[Data records]

· · · · ·

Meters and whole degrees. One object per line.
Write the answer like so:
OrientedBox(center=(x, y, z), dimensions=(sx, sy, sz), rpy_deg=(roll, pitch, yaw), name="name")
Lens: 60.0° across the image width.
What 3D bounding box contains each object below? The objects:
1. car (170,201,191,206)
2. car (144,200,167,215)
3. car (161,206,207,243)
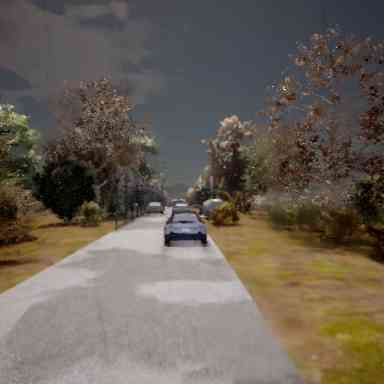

· · · · ·

WORK INSTRUCTIONS: The expected result is every record above, word for word, with no pictures in it.

TASK RESPONSE:
Meters and whole degrees. One object per line.
Write the answer like so:
OrientedBox(center=(x, y, z), dimensions=(sx, sy, sz), rpy_deg=(roll, pitch, yaw), name="name")
Lens: 60.0° across the image width.
What 3D bounding box contains each object below? The objects:
1. car (170,201,191,206)
2. car (144,200,167,215)
3. car (161,206,207,243)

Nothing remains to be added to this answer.